Selective live actuation — rung 2: owned surfaces only¶
Personas driving live apps is seductive and unreliable in equal measure, so it grows on a ladder, and each rung must EARN the next:
| Rung | Surface | Entry |
|---|---|---|
| 1 | Artifacts (screenshots, flows, prototypes-as-screens) | brief_flow_walkthrough — no browser, the reliable default |
| 2 | Owned surfaces (scaffolded prototypes, declared staging) | walk_own — this document |
| 3 | The open web ("here's a URL and a test login") | walk_open — deliberate, policy-guarded |
The bounds (rung 2)¶
walk_own(persona_id, prototype_id=… | url=…) reuses the live-walkthrough
harness (WalkPolicy: origin allowlist, deny-by-default actions, caps,
credential redaction) with rung-2 restrictions on top:
- Owned origins only. Loopback always; staging origins only when explicitly
declared via
SONALOOP_OWNED_ORIGINS(comma-separated) — that env var IS the opt-in. Anything else is refused with a pointer at rung 3. - Origin-locked, exactly. The policy's
allowed_originsis pinned to the single owned origin being driven. - Tighter caps.
max_actions ≤ 40,max_duration_s ≤ 300— clamped DOWN even if the caller asks for more. A prototype drive that needs more is a smell. - Prototype path. Passing
prototype_idstarts the scaffolded app (localhost) and drives that — reproducible, ours, disposable. - Fail-soft.
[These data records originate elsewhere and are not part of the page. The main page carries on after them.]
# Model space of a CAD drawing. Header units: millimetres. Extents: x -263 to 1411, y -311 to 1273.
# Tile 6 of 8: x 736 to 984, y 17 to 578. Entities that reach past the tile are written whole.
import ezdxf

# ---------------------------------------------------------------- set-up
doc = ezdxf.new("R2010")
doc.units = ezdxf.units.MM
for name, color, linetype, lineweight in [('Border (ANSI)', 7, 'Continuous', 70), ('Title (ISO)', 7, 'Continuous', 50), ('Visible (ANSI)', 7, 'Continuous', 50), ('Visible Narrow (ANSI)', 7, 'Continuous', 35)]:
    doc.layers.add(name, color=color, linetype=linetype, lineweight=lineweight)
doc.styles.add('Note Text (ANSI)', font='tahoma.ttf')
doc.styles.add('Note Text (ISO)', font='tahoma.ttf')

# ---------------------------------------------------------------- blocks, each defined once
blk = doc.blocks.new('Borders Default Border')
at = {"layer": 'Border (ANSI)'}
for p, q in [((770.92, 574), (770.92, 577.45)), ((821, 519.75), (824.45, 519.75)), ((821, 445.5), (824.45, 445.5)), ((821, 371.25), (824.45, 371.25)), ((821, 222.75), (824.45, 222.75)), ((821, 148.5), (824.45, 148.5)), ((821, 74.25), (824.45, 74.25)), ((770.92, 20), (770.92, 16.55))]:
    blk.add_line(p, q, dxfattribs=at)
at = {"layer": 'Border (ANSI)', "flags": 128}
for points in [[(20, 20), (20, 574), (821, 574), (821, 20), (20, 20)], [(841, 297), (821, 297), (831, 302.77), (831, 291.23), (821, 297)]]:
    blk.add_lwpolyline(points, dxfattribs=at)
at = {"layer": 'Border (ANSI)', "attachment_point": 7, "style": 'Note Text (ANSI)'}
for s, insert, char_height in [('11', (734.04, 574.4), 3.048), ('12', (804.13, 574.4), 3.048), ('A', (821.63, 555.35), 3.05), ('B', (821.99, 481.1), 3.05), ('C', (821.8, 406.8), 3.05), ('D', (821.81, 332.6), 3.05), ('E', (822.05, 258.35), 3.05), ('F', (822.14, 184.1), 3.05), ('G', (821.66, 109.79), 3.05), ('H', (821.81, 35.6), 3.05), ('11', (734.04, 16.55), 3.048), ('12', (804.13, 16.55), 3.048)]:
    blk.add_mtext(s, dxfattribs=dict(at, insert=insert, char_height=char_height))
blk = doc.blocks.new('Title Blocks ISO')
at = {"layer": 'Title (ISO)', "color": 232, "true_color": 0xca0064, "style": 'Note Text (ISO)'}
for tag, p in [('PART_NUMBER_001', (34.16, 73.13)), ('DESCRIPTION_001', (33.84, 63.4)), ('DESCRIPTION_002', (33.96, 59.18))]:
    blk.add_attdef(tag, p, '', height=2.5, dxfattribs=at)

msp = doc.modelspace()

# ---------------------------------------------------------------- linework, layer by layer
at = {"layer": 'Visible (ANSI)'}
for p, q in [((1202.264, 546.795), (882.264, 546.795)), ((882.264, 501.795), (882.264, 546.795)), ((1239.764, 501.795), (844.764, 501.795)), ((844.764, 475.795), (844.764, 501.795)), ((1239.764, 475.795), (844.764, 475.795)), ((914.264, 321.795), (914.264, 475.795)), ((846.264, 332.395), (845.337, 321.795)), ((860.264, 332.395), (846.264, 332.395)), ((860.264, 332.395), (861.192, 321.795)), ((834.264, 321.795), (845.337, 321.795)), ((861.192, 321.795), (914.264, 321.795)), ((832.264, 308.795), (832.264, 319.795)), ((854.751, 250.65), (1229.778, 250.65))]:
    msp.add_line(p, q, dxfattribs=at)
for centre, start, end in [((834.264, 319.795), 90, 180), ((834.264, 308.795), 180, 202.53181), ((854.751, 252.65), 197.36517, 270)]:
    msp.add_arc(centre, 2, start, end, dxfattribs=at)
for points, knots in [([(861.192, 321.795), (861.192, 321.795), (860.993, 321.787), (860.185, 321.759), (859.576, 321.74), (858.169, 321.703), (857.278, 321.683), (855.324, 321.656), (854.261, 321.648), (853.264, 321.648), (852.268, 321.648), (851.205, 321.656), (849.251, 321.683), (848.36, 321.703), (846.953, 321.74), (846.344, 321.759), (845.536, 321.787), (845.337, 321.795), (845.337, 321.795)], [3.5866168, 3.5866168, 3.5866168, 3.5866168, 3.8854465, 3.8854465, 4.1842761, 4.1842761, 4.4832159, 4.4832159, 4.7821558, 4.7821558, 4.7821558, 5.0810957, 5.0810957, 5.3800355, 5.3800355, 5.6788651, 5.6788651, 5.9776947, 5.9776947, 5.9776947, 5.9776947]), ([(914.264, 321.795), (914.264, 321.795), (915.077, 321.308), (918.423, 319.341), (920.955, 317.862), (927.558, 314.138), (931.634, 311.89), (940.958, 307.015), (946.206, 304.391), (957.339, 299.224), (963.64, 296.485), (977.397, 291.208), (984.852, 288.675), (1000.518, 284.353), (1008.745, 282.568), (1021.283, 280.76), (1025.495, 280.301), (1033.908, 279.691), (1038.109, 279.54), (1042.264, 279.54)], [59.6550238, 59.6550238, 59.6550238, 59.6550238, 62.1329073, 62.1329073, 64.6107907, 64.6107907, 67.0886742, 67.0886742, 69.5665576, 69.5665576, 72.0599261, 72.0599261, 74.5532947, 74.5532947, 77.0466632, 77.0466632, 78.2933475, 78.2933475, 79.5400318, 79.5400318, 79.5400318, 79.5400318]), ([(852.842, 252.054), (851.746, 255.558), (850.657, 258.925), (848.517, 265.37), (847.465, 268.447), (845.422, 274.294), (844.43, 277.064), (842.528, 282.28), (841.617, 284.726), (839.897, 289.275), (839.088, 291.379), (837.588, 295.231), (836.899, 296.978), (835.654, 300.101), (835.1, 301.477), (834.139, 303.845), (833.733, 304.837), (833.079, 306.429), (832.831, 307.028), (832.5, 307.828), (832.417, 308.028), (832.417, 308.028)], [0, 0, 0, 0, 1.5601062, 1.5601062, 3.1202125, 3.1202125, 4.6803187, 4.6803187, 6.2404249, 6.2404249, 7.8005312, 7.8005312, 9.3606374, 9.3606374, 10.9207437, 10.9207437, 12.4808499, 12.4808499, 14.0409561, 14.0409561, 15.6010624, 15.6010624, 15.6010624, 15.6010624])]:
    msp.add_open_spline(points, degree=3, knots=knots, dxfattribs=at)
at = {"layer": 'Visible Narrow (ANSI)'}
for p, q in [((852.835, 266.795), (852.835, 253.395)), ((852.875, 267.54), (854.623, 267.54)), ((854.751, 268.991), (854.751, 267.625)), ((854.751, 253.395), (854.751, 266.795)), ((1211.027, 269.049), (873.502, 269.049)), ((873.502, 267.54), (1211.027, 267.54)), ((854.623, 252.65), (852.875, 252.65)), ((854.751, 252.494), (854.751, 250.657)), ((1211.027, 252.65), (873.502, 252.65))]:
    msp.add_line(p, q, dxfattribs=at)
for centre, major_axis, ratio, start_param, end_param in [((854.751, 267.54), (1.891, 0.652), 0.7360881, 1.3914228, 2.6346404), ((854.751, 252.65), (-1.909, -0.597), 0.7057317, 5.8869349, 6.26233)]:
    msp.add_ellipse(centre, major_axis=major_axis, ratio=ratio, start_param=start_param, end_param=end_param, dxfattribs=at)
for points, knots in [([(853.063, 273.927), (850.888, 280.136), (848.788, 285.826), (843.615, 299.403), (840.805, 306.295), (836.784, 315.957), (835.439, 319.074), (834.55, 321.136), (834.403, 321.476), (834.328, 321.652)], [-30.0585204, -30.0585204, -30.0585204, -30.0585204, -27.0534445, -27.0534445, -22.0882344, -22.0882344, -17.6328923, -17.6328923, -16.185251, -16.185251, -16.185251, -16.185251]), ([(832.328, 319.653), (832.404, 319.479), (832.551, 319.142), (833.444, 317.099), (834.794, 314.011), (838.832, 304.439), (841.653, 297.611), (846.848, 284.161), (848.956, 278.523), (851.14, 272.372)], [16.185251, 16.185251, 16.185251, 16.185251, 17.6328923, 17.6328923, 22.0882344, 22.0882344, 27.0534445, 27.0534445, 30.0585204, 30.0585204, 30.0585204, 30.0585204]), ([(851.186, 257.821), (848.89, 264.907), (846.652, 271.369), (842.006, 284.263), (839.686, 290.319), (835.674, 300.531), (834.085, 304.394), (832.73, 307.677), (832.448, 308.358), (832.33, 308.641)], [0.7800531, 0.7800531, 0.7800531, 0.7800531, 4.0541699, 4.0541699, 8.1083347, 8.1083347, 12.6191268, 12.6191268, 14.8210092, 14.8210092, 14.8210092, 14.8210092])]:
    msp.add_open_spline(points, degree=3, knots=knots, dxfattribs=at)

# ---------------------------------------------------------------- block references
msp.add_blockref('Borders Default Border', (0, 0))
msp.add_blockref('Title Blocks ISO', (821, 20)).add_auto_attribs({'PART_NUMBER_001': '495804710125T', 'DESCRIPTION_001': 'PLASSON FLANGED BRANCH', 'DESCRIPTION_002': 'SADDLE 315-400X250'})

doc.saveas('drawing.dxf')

Without the Playwright harness,
walk_ownreturns a structured fallback pointing at the artifact walkthrough; no core flow needs a browser, ever.
Recording is the normal path: drive with proto_act, persist with
record_usability_session(fidelity='live', session_id=…) so the claimed
states verify against the browser log (grounded_verified).
The evidence-quality gate (fidelity vs theater)¶
Before rung 2 becomes a default anywhere, it must BEAT the artifact rung on evidence quality for the same flow:
record_actuation_gate(project_id, artifact_session_id, live_session_id, note)
compares the two sessions on derived dimensions — verified states, trace
density (steps, monologue per step), screenshots, friction granularity,
statements, predicted behaviors — and persists the verdict as an eval_report
(kind='actuation_gate'). The winner follows from the numbers; the host's
reading goes in note; green only when the live rung wins. Run the gate per
flow class you care about — a recorded loss means: stay on artifacts there.